Don’t worry, we’ll get to religion and politics next month…
Advice for the professionally viable singer
Unless you are extremely successful – or have married a hedge fund manager – chances are that you think about money. The nature of the classical music industry (although this is true for freelancers in general) makes it difficult to budget very far into the future: Income is not only sporadic, but the larger these sporadic fees become, the easier it is to incorrectly view them as windfalls. There have been seasons that I made upwards of 30% of my income in the month of December alone! If you sing operas, you might make $15,000 in March and nothing for the next five months.
This can be problematic for obvious reasons. I would suggest, however, that most freelance singers run into problems not with their quantity of income, but rather with living within their means and managing their cash flow intelligently. I know… more income generally does solve financial problems, but there are ways to plan effectively for irregular income; and, the exercise of looking at your entire financial picture will strip you of the sort of wild spending that results from feeling desperately out of control.
The biggest threat to a healthy cash flow is monthly debt payments. Most of us will have to take on student loans at some point. Fine – hopefully you consolidated at a low rate. Credit cards are the real killers. I know that hating on credit cards is la mode these days (I have felt my share of irrational exuberance), but you should not mortgage your life for the career that you are going to have. You could box yourself into a situation that ties you to a crappy day job just to pay off said debt. That crappy job makes working towards a singing career even more difficult! So, you do not need the fanciest new anything. You do not need to take on loads of debt for an audition tour. Debt is evil; to be avoided if at all possible.

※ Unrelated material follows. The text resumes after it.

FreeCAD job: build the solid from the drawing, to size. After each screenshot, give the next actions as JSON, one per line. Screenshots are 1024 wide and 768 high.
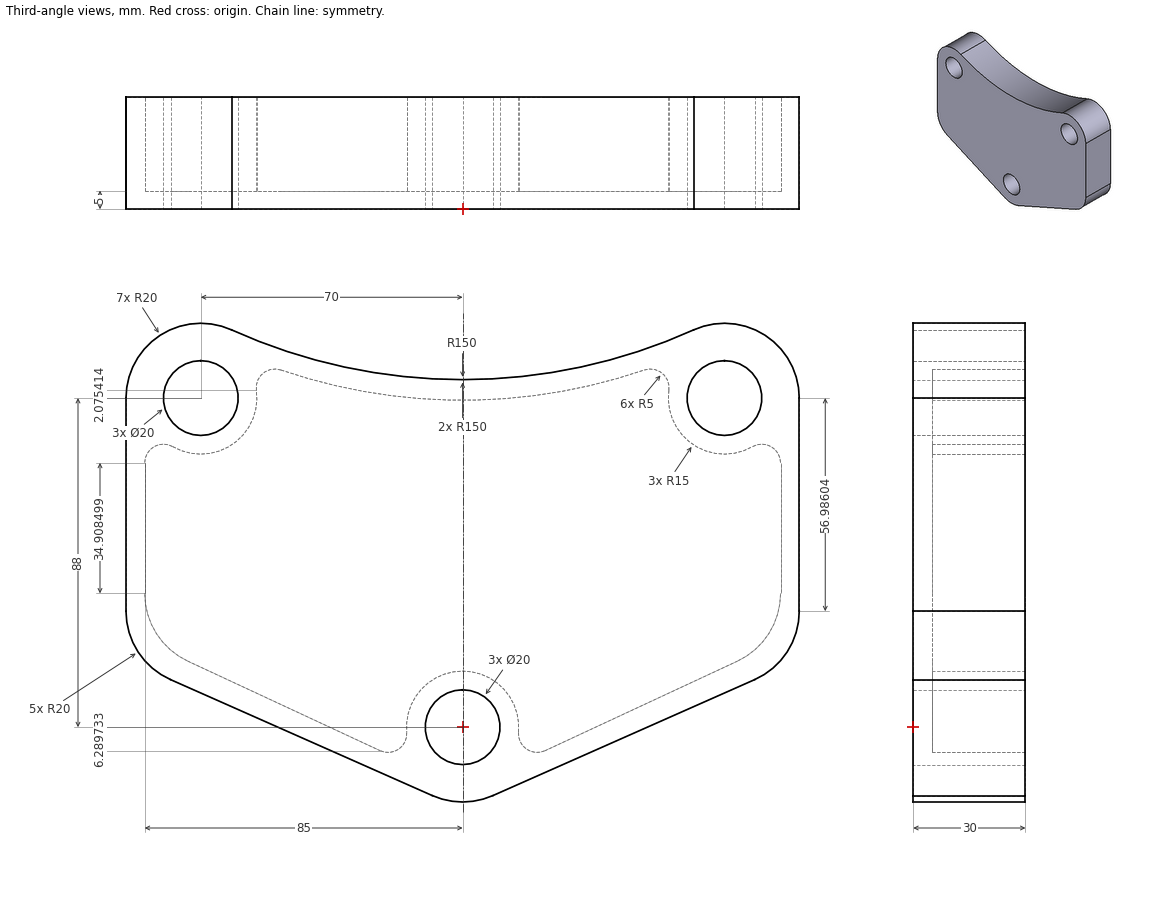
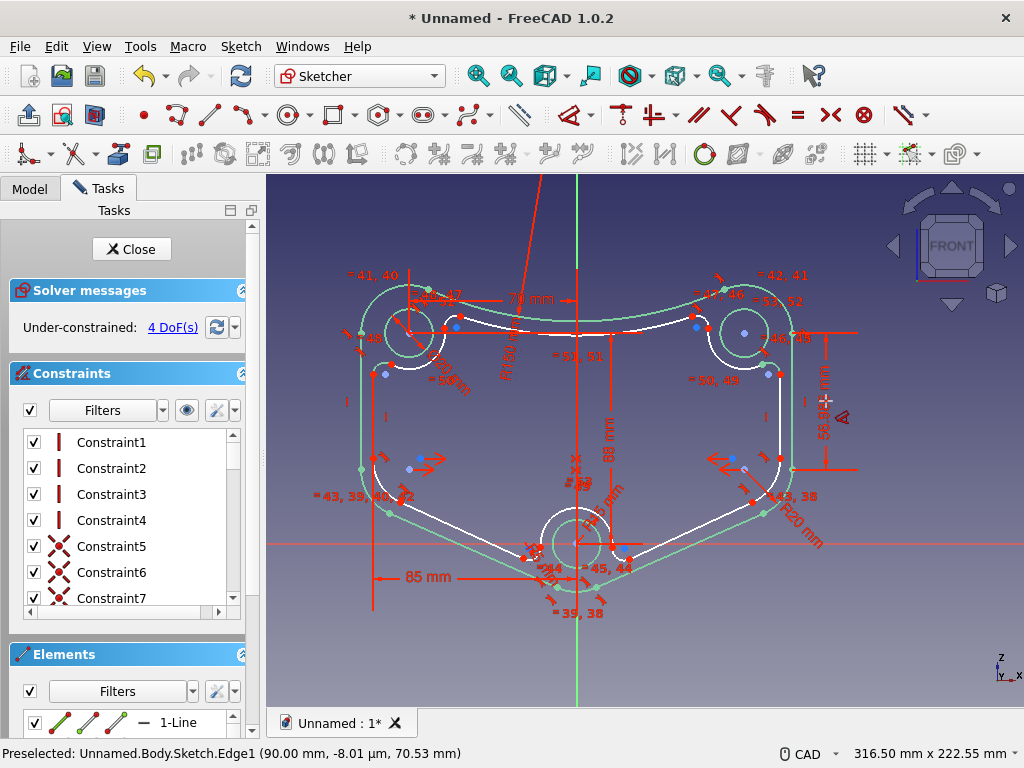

You would be better off saving towards these goals. There are singers that successfully use credit cards to manage monthly expenses, but be cautious and have a plan. If you are in a heap of credit card debt, don’t despair, listen to Dave Ramsey.
Change Your Thinking, Make a System
The following tips might sound impossible to adopt. Just remember that anything you do to move in this direction will help. Start small if you need to, just start.
First, think of yourself as a business. You have one employee, one stockholder, one CEO, and one product: You. Open a few new bank accounts: One checking for your business (doesn’t need to be a business account), one personal checking, one savings for taxes, and one personal savings. You should be able to find a bank that offers these accounts with no fees.
Second, feed the government/feed your piggy bank. Your singing income is going to be deposited into your business checking account. Deposit (and declare to the IRS) everything, including cash payments from gigs and lessons. This is not only the right thing to do (morally and civically), but the IRS will nail you if, after your deductions, they think that you don’t have enough income to live on. At the ATM you will immediately transfer 10-15% of each deposit to your tax savings account. (If you have last year’s tax return, do the math to figure out how much you should be setting aside.) Then, transfer the same amount to your personal savings account. This money is gone. You do not have access to it. It is not part of your available spending cash. Once you have enough in your personal savings account, open a Roth IRA and continue contributing to it. Look at the next twelve months worth of work, add up your income, subtract your tax and personal savings, and divide by twelve. This is the monthly salary that you will pay to your personal checking from the business account. As time passes, you will adjust this monthly salary to reflect new additions to your calendar. If this is too depressing an exercise, that means that you are living beyond your means. The good news is that now you can now plan your way back to fiscal responsibility, rather than be surprised by a financial crisis in the future. Your potential responses are 1) be motivated to get better gigs – have you been putting off getting head shots, setting up auditions, triangulating on conductors, etc… 2) start living as though you were as poor as you actually are – are you eating out a lot? Spending money on the road that could be saved instead (*more on this below)? 3) Hang up your hat – there is no shame in this! The world needs educated audience members.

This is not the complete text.